Jason squirmed, trying to rest his weight on a different bruise. “I’ll certainly be more careful in the future. One snakebite is enough for me.”

“I reckon.” Drake acted absolutely delighted to have Jason in his office. His delight increased whenever he said something that made Jason uncomfortable. “Let me show you something else.”

He reached into a drawer and pulled out Jason’s traps. They were all clotted with dirt. “You’ll never guess where we found these. Right up there at the lake. And do you know what? Every one of them was buried next to a load of apples. Apples! What kind of pinhead would do something like that?” He made a clicking sound with his tongue and dropped them back in the drawer.

“Probably some dumbbell looking for animals.”

“Do you think that’s what it was? He must have forgot to clear it with us. If I find out who did it I’ll slam him in the cooler for a few days. We can do that, you know.” Drake smiled and folded his hands on the desk before him. “I’ve done it lots of times.”

Jason shifted position again. “I hear you had another type of emergency the other night.”

Drake’s delight flared into absolute joy. “You mean Lester and his ape?

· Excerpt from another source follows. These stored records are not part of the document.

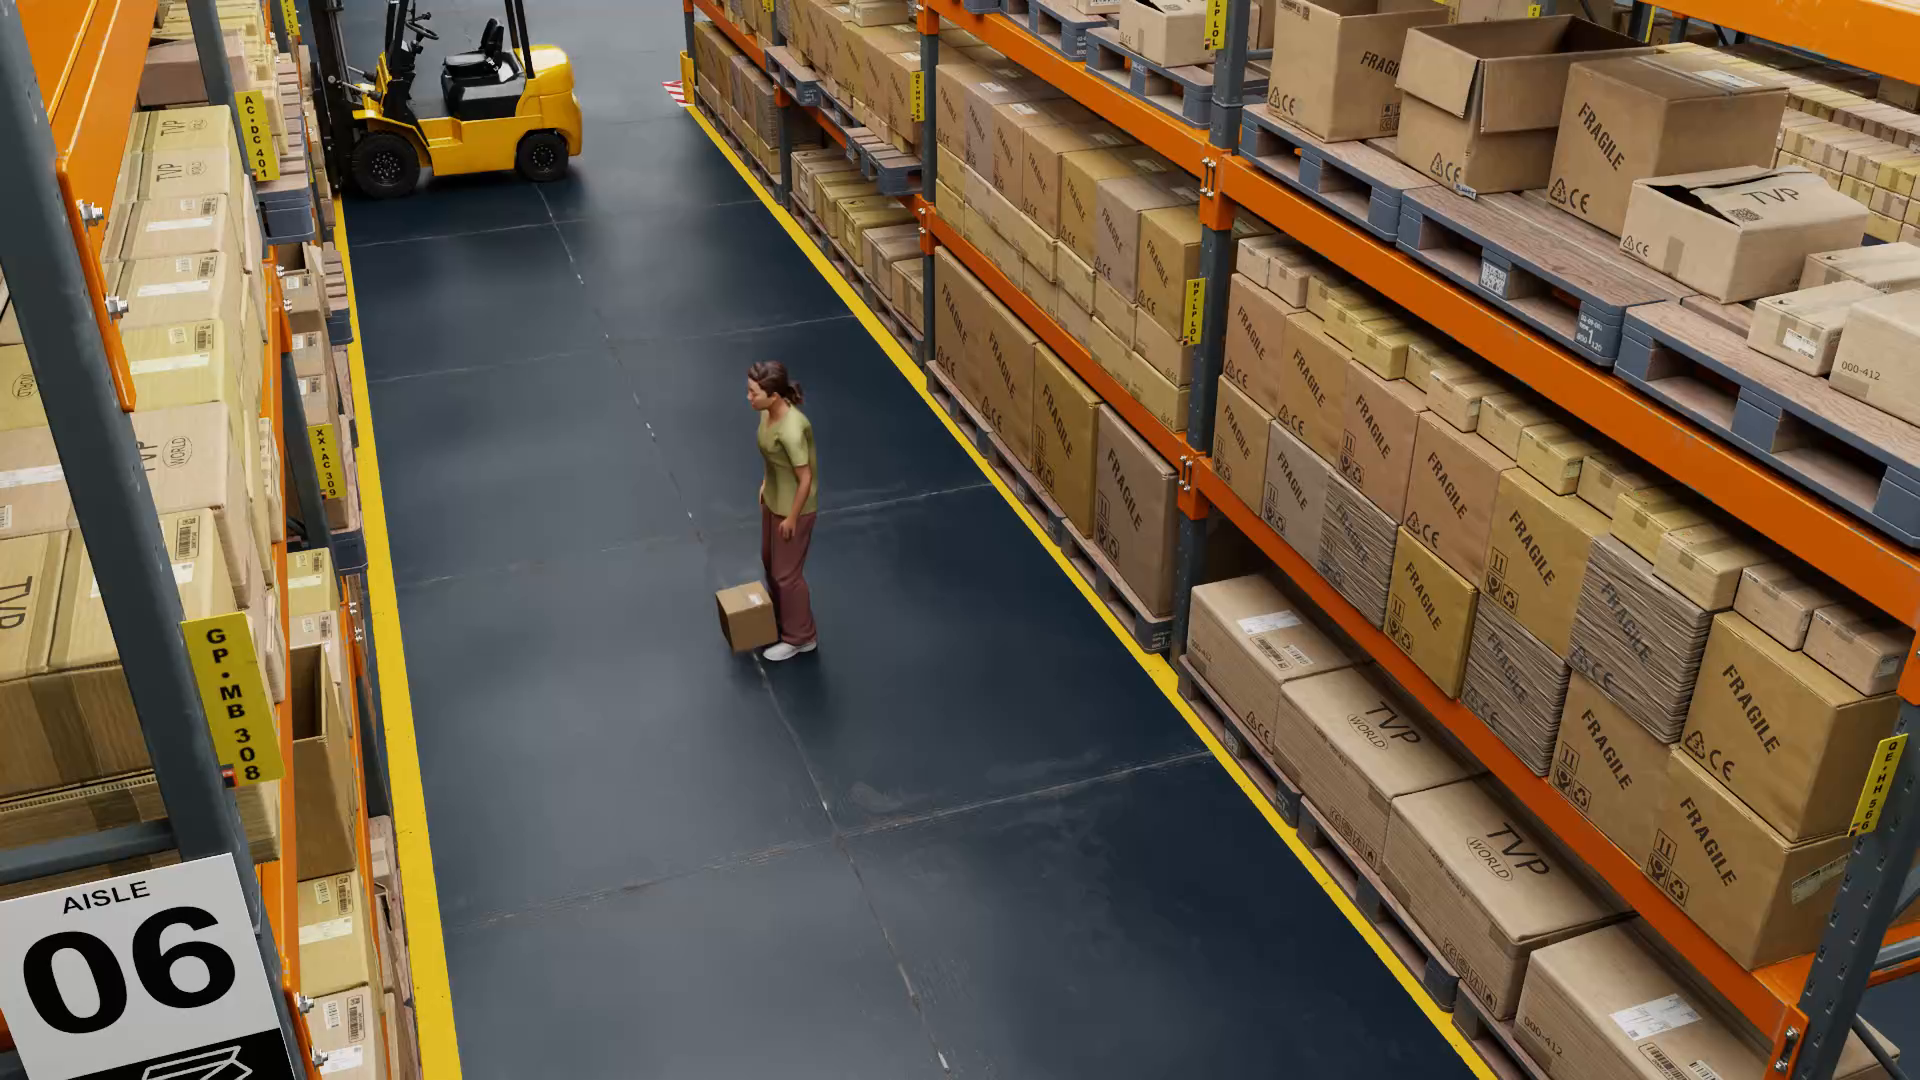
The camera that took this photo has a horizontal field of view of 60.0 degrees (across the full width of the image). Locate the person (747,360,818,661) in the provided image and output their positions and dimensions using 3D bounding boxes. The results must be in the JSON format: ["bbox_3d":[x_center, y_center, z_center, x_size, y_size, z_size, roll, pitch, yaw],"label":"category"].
[{"bbox_3d":[-0.925,-0.170,8.634,0.372,1.674,0.489,-12,32,-19],"label":"person"}]
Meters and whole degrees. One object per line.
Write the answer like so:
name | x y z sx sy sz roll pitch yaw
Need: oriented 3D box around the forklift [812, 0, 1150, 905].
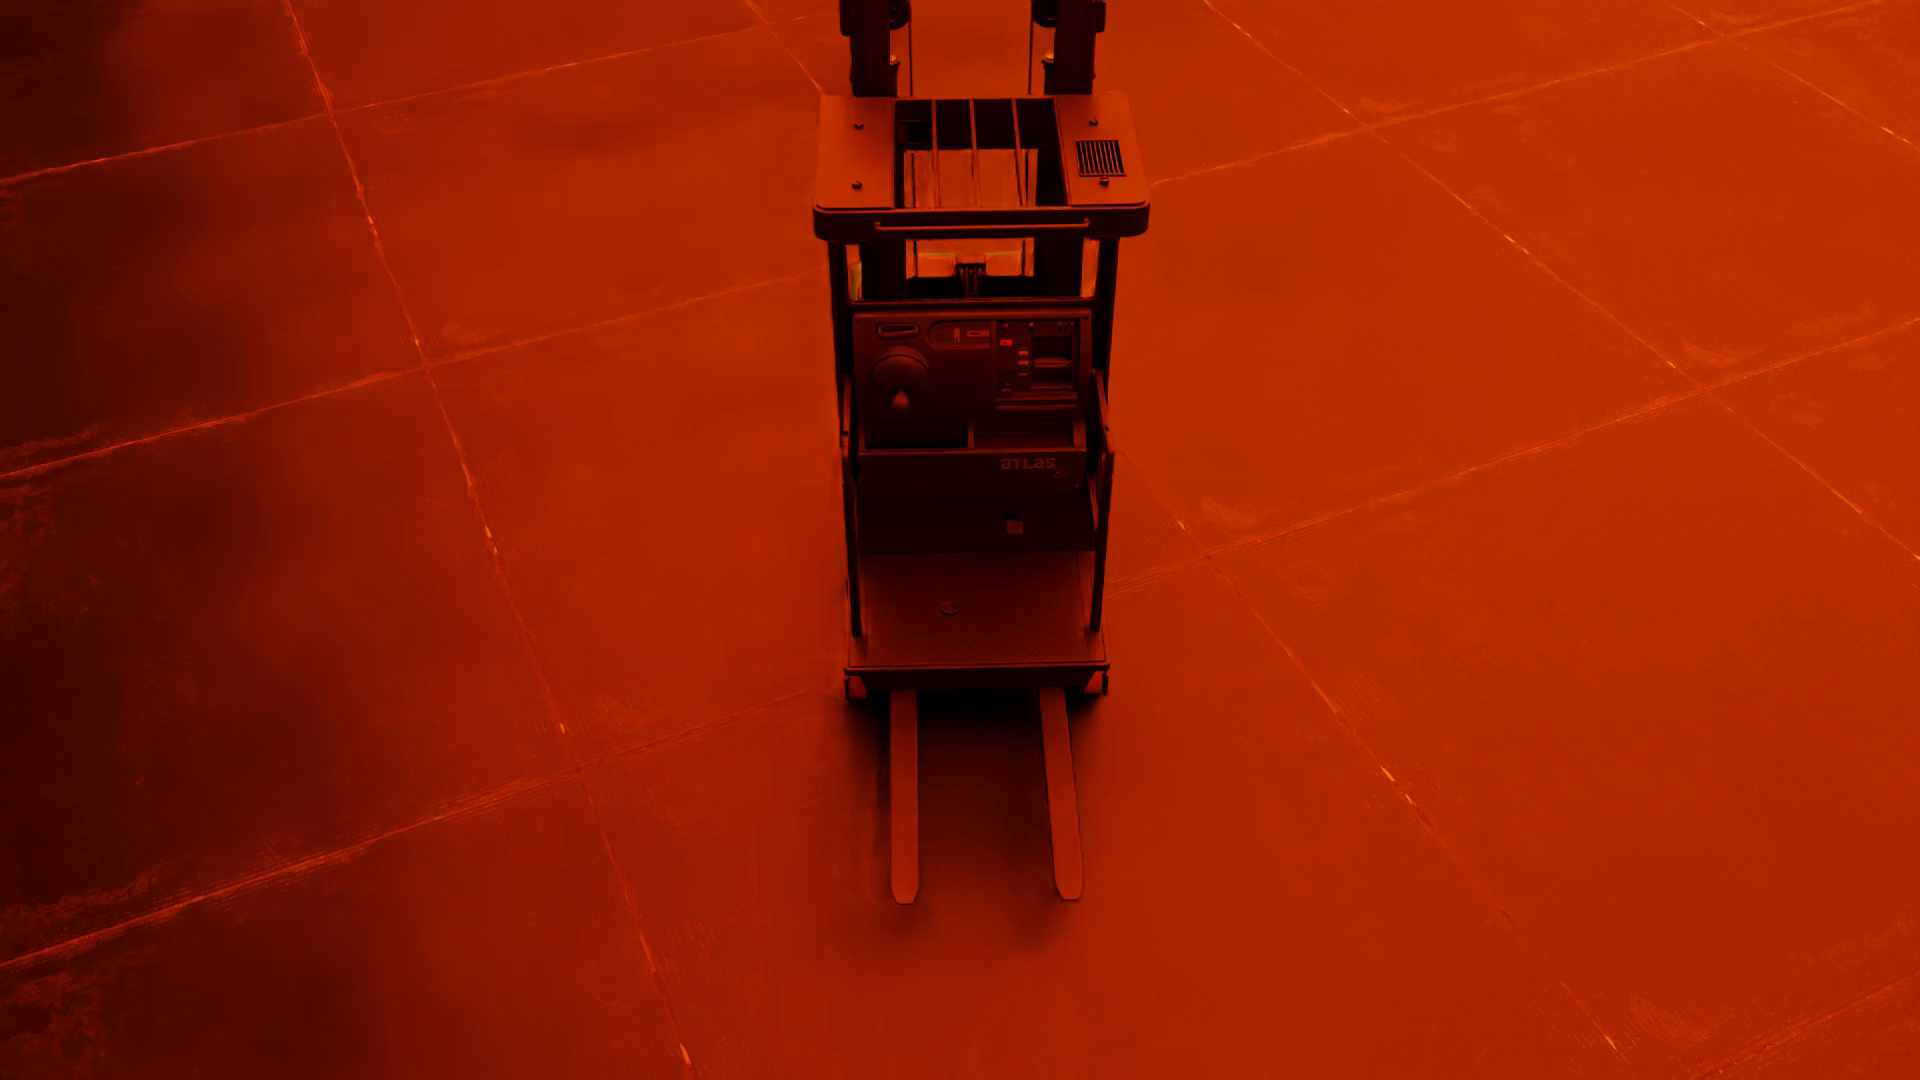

Ain’t that something?” He slapped the table with his hand. “I knew old Lester was going to pull something one of these days.”

Jason swallowed hard. “You think it’s a fake?”

“I know it’s a fake. Of course it’s a fake. Lester admitted it. He sat right there in your chair and told me how much money he was going to make on the Johnny Carson show. He told me he was going to write a book.”

“What happened?”

“Search me. He called me yesterday afternoon and said he was sorry about it all. He said he didn’t really see anything. You know, Mr. Jason, people do the damnedest things. Why, the University of Washington wanted casts of that print right away. Looky here.”

Drake took out an eight-­by-­twelve blowup of the picture Jason had seen in the newspaper. The prints were square with horizontal toes, without the slightest resemblance to his own quarry.

“Lester, he cut himself a piece of wood and fitted it to his shoe. We found this one in river mud close by the bridge. Know what I thought for a while, Mr. Jason?”

“No. What?”

“That the fellow who set these here traps was looking for a Bigfoot.”

“You don’t say.”

“ ’Course, that was before Lester called me and confessed. Where do you think he is now?”

“Who?” mumbled Jason, wishing he was gone.

“The fellow who set the traps!

“Oh, him. I imagine he’s long gone, Drake.”

“He better be. If I ever catch him I’ll put a boot up his rear.” Drake stuck out his hand, dismissing Jason with a forceful courtesy. “You ought to run up to Colby Lodge and say hi to Martha Lucas on the way home. She’s the one who saved your neck, not me.”

“Where is it?”

Drake tried to describe the route, but Jason could not follow him. He pointed it out on a wall map as a dot floating amidst wrinkled elevation lines. Finally, he drew a route on a piece of stationery. “I don’t blame you. Helder plunked it down right where it’s hardest to get to. He says it’s better for folks who really want to get away from it all.” Drake obviously disapproved of ski lodges built in virgin wilderness. “They’ll be getting some snow before too long. Maybe they’ll go broke,” he said hopefully.

Jason yawned pressure from his ears as his car ascended through a tunnel of trees past the thousand-­foot level into the valley. The last stand of lodge-­pole pines opened like a curtain on a stage set dominated by a squat fireplug-­shaped mountain, with the lodge clinging to its east slope.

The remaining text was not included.